EXERCISE BRIEF :: Only the pictures are dropped; the lines of the material that follow are returned exactly.
● ● ● ●
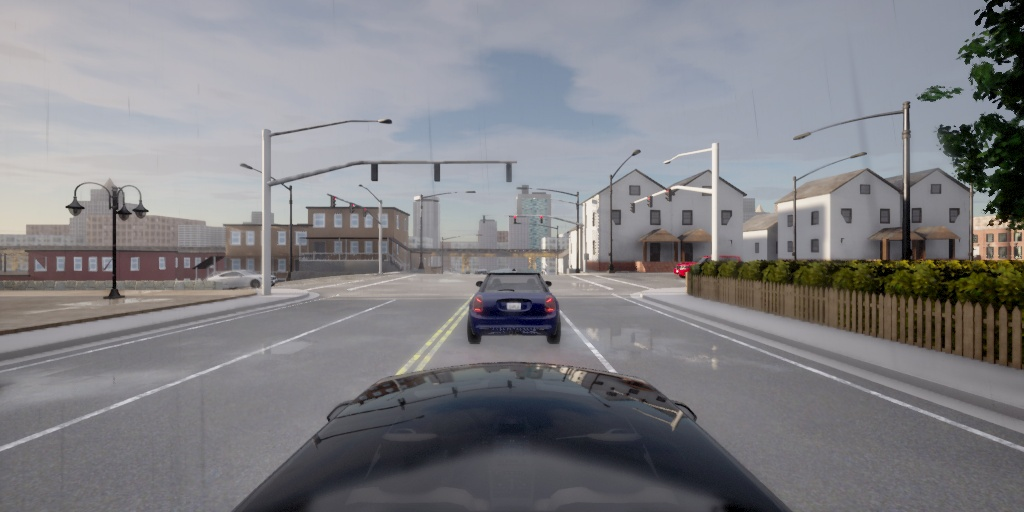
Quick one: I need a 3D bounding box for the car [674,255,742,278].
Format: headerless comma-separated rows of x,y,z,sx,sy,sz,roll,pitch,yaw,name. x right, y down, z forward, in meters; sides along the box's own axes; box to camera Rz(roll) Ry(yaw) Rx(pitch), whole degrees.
17.030,0.971,30.987,5.566,2.045,2.150,0,0,-1,car

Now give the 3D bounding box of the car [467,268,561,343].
0.052,1.102,9.862,2.097,1.767,4.553,0,0,0,car

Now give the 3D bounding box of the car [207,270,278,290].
-20.082,1.768,26.668,4.674,1.442,1.812,-4,0,-1,car
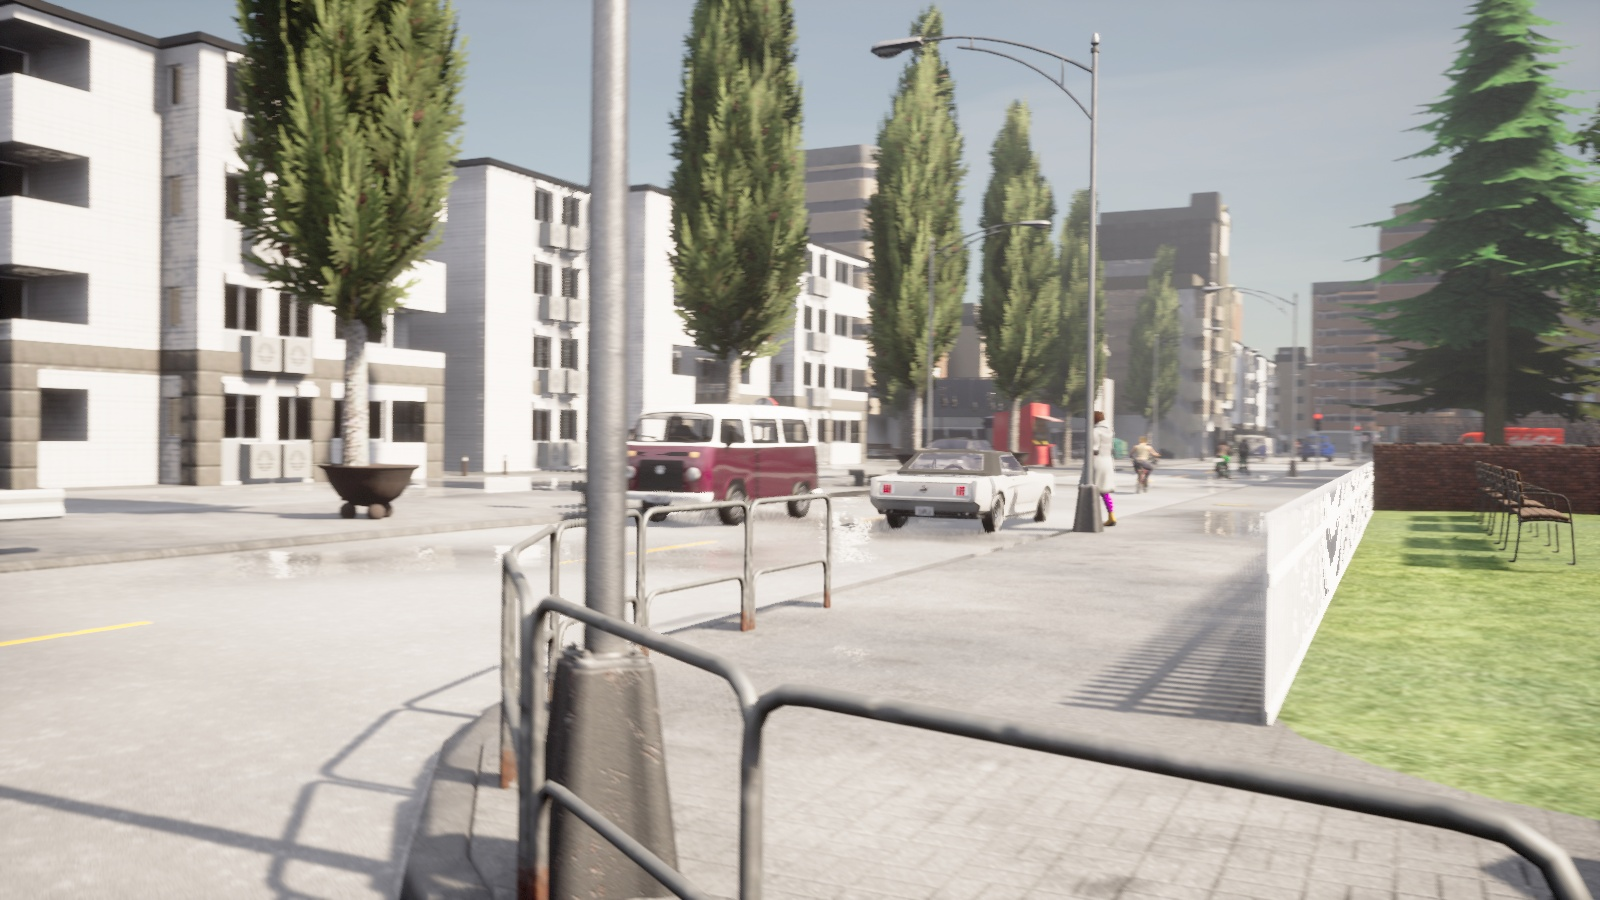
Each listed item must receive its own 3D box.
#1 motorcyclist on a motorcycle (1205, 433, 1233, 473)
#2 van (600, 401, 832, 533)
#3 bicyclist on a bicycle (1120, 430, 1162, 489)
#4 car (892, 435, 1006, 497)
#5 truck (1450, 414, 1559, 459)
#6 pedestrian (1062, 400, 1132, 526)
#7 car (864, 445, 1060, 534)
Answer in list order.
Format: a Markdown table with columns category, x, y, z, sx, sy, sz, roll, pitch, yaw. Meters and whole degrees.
| category | x | y | z | sx | sy | sz | roll | pitch | yaw |
| --- | --- | --- | --- | --- | --- | --- | --- | --- | --- |
| motorcyclist on a motorcycle | 16.503 | 0.096 | 49.404 | 0.797 | 1.523 | 2.044 | 0 | 1 | 26 |
| van | -1.314 | 0.235 | 21.880 | 2.069 | 2.038 | 4.480 | 0 | 1 | 26 |
| bicyclist on a bicycle | 9.519 | 0.244 | 35.036 | 0.866 | 1.612 | 1.509 | 0 | 1 | 26 |
| car | 3.938 | 0.380 | 32.690 | 1.845 | 1.501 | 3.633 | 0 | 1 | 26 |
| truck | 39.819 | -0.741 | 71.142 | 5.204 | 2.467 | 2.627 | 0 | 1 | 26 |
| pedestrian | 4.743 | 0.197 | 20.068 | 0.873 | 1.952 | 0.659 | 0 | 1 | 45 |
| car | 2.899 | 0.591 | 21.402 | 1.895 | 1.301 | 4.718 | 0 | 1 | 26 |
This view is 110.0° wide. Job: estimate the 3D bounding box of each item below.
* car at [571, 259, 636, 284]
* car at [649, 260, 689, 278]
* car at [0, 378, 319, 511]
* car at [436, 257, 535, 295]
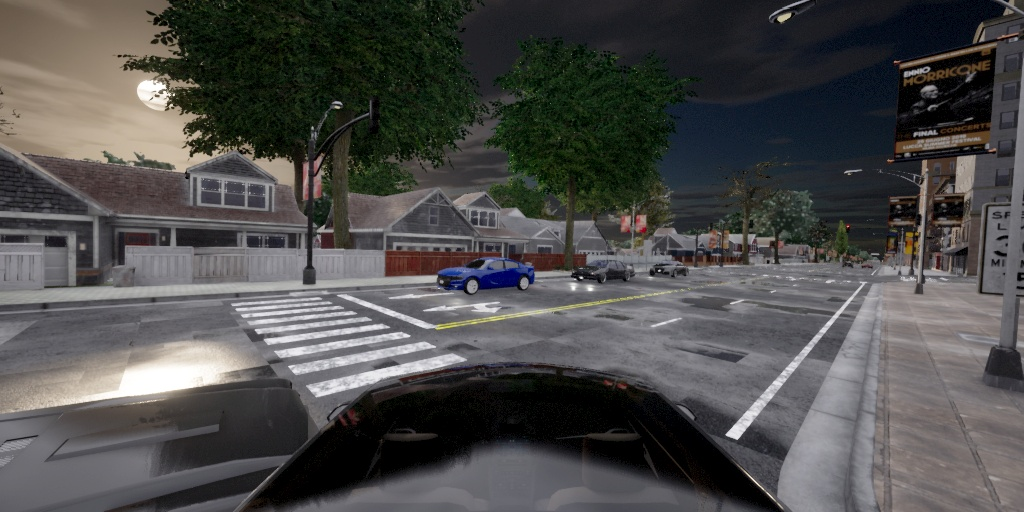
[{"bbox_3d":[6.098,0.938,23.396,5.357,1.411,2.033,0,2,-44],"label":"car"},{"bbox_3d":[13.311,1.019,30.301,4.181,1.385,1.994,0,2,-44],"label":"car"},{"bbox_3d":[-3.313,1.286,1.311,4.718,1.301,1.895,1,2,-34],"label":"car"},{"bbox_3d":[-1.084,0.807,16.492,5.008,1.535,1.882,0,2,-44],"label":"car"}]
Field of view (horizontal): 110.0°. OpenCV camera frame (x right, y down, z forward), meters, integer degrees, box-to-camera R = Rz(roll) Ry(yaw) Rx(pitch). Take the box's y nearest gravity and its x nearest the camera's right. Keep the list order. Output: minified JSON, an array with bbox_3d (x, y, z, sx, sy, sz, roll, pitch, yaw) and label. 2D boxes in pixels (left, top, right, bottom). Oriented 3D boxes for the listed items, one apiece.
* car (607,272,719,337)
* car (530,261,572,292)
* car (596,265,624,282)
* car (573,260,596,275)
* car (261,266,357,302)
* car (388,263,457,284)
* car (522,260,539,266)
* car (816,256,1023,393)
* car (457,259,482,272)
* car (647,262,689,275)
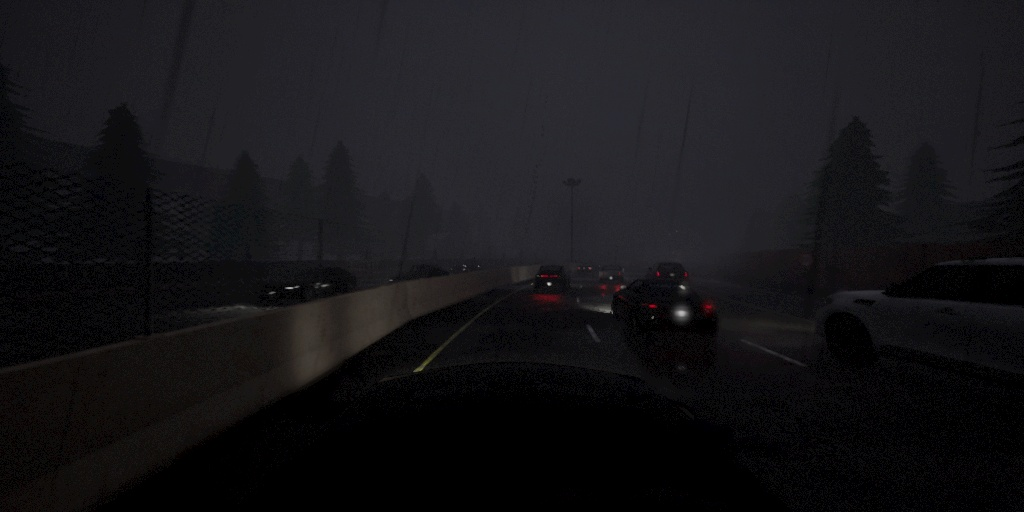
[{"bbox_3d":[4.230,1.341,10.513,1.994,1.385,4.181,0,0,6],"label":"car"},{"bbox_3d":[2.554,1.284,22.016,1.837,1.490,4.892,0,0,12],"label":"car"},{"bbox_3d":[8.316,1.413,29.734,1.895,1.301,4.718,0,0,18],"label":"car"},{"bbox_3d":[8.741,1.370,40.495,2.033,1.411,5.357,0,0,25],"label":"car"},{"bbox_3d":[-9.245,1.227,16.818,1.837,1.490,4.892,0,0,9],"label":"car"},{"bbox_3d":[-5.103,1.234,20.214,2.128,1.511,4.902,0,0,11],"label":"car"},{"bbox_3d":[2.949,1.333,52.675,1.812,1.442,4.674,0,0,29],"label":"car"},{"bbox_3d":[7.256,1.007,4.973,2.150,2.045,5.566,0,0,2],"label":"car"},{"bbox_3d":[-5.438,1.112,43.160,2.097,1.767,4.553,0,0,23],"label":"car"},{"bbox_3d":[10.252,1.168,23.832,2.097,1.767,4.553,0,0,14],"label":"car"}]
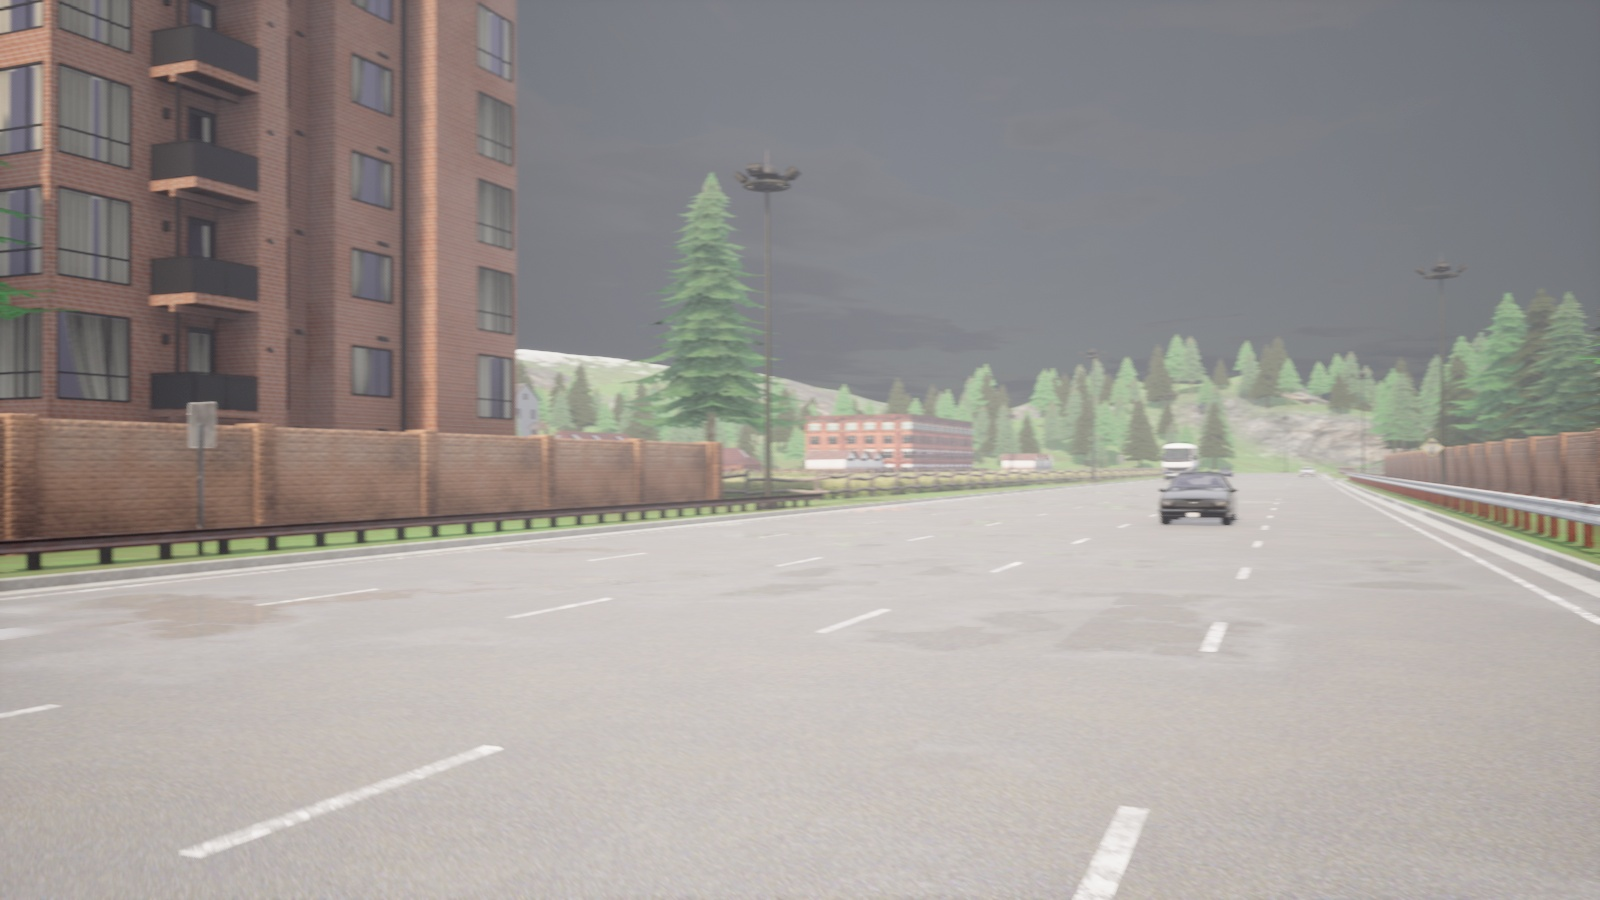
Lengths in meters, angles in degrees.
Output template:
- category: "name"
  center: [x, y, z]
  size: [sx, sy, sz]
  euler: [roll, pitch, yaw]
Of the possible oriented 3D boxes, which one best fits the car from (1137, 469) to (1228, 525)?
● ● ● ●
RESULT ::
Quick one: I need a 3D bounding box for the car [674,255,742,278].
Format: headerless comma-separated rows of x,y,z,sx,sy,sz,roll,pitch,yaw,name. x right, y down, z forward, in meters; sides along the box's own axes; box to camera Rz(roll) Ry(yaw) Rx(pitch), whole degrees.
17.030,0.971,30.987,5.566,2.045,2.150,0,0,-1,car

Now give the 3D bounding box of the car [467,268,561,343].
0.052,1.102,9.862,2.097,1.767,4.553,0,0,0,car

Now give the 3D bounding box of the car [207,270,278,290].
-20.082,1.768,26.668,4.674,1.442,1.812,-4,0,-1,car
Each listed item must receive its own 3D box.
#1 motorcyclist on a motorcycle (1205, 433, 1233, 473)
#2 van (600, 401, 832, 533)
#3 bicyclist on a bicycle (1120, 430, 1162, 489)
#4 car (892, 435, 1006, 497)
#5 truck (1450, 414, 1559, 459)
#6 pedestrian (1062, 400, 1132, 526)
#7 car (864, 445, 1060, 534)
Answer in list order.
Format: a Markdown table with columns category, x, y, z, sx, sy, sz, roll, pitch, yaw. Meters and whole degrees.
| category | x | y | z | sx | sy | sz | roll | pitch | yaw |
| --- | --- | --- | --- | --- | --- | --- | --- | --- | --- |
| motorcyclist on a motorcycle | 16.503 | 0.096 | 49.404 | 0.797 | 1.523 | 2.044 | 0 | 1 | 26 |
| van | -1.314 | 0.235 | 21.880 | 2.069 | 2.038 | 4.480 | 0 | 1 | 26 |
| bicyclist on a bicycle | 9.519 | 0.244 | 35.036 | 0.866 | 1.612 | 1.509 | 0 | 1 | 26 |
| car | 3.938 | 0.380 | 32.690 | 1.845 | 1.501 | 3.633 | 0 | 1 | 26 |
| truck | 39.819 | -0.741 | 71.142 | 5.204 | 2.467 | 2.627 | 0 | 1 | 26 |
| pedestrian | 4.743 | 0.197 | 20.068 | 0.873 | 1.952 | 0.659 | 0 | 1 | 45 |
| car | 2.899 | 0.591 | 21.402 | 1.895 | 1.301 | 4.718 | 0 | 1 | 26 |
This view is 110.0° wide. Job: estimate the 3D bounding box of each item below.
* car at [571, 259, 636, 284]
* car at [649, 260, 689, 278]
* car at [0, 378, 319, 511]
* car at [436, 257, 535, 295]
[{"bbox_3d":[6.098,0.938,23.396,5.357,1.411,2.033,0,2,-44],"label":"car"},{"bbox_3d":[13.311,1.019,30.301,4.181,1.385,1.994,0,2,-44],"label":"car"},{"bbox_3d":[-3.313,1.286,1.311,4.718,1.301,1.895,1,2,-34],"label":"car"},{"bbox_3d":[-1.084,0.807,16.492,5.008,1.535,1.882,0,2,-44],"label":"car"}]
Field of view (horizontal): 110.0°. OpenCV camera frame (x right, y down, z forward), meters, integer degrees, box-to-camera R = Rz(roll) Ry(yaw) Rx(pitch). Take the box's y nearest gravity and its x nearest the camera's right. Keep the list order. Output: minified JSON, an array with bbox_3d (x, y, z, sx, sy, sz, roll, pitch, yaw) and label. 2D boxes in pixels (left, top, right, bottom). Oriented 3D boxes for the listed items, one apiece.
* car (607,272,719,337)
* car (530,261,572,292)
* car (596,265,624,282)
* car (573,260,596,275)
* car (261,266,357,302)
* car (388,263,457,284)
* car (522,260,539,266)
* car (816,256,1023,393)
* car (457,259,482,272)
* car (647,262,689,275)
[{"bbox_3d":[4.230,1.341,10.513,1.994,1.385,4.181,0,0,6],"label":"car"},{"bbox_3d":[2.554,1.284,22.016,1.837,1.490,4.892,0,0,12],"label":"car"},{"bbox_3d":[8.316,1.413,29.734,1.895,1.301,4.718,0,0,18],"label":"car"},{"bbox_3d":[8.741,1.370,40.495,2.033,1.411,5.357,0,0,25],"label":"car"},{"bbox_3d":[-9.245,1.227,16.818,1.837,1.490,4.892,0,0,9],"label":"car"},{"bbox_3d":[-5.103,1.234,20.214,2.128,1.511,4.902,0,0,11],"label":"car"},{"bbox_3d":[2.949,1.333,52.675,1.812,1.442,4.674,0,0,29],"label":"car"},{"bbox_3d":[7.256,1.007,4.973,2.150,2.045,5.566,0,0,2],"label":"car"},{"bbox_3d":[-5.438,1.112,43.160,2.097,1.767,4.553,0,0,23],"label":"car"},{"bbox_3d":[10.252,1.168,23.832,2.097,1.767,4.553,0,0,14],"label":"car"}]
Lengths in meters, angles in degrees.
Output template:
- category: "name"
  center: [x, y, z]
  size: [sx, sy, sz]
  euler: [roll, pitch, yaw]
Of the possible oriented 3D boxes, which one best fits the car from (1137, 469) to (1228, 525)?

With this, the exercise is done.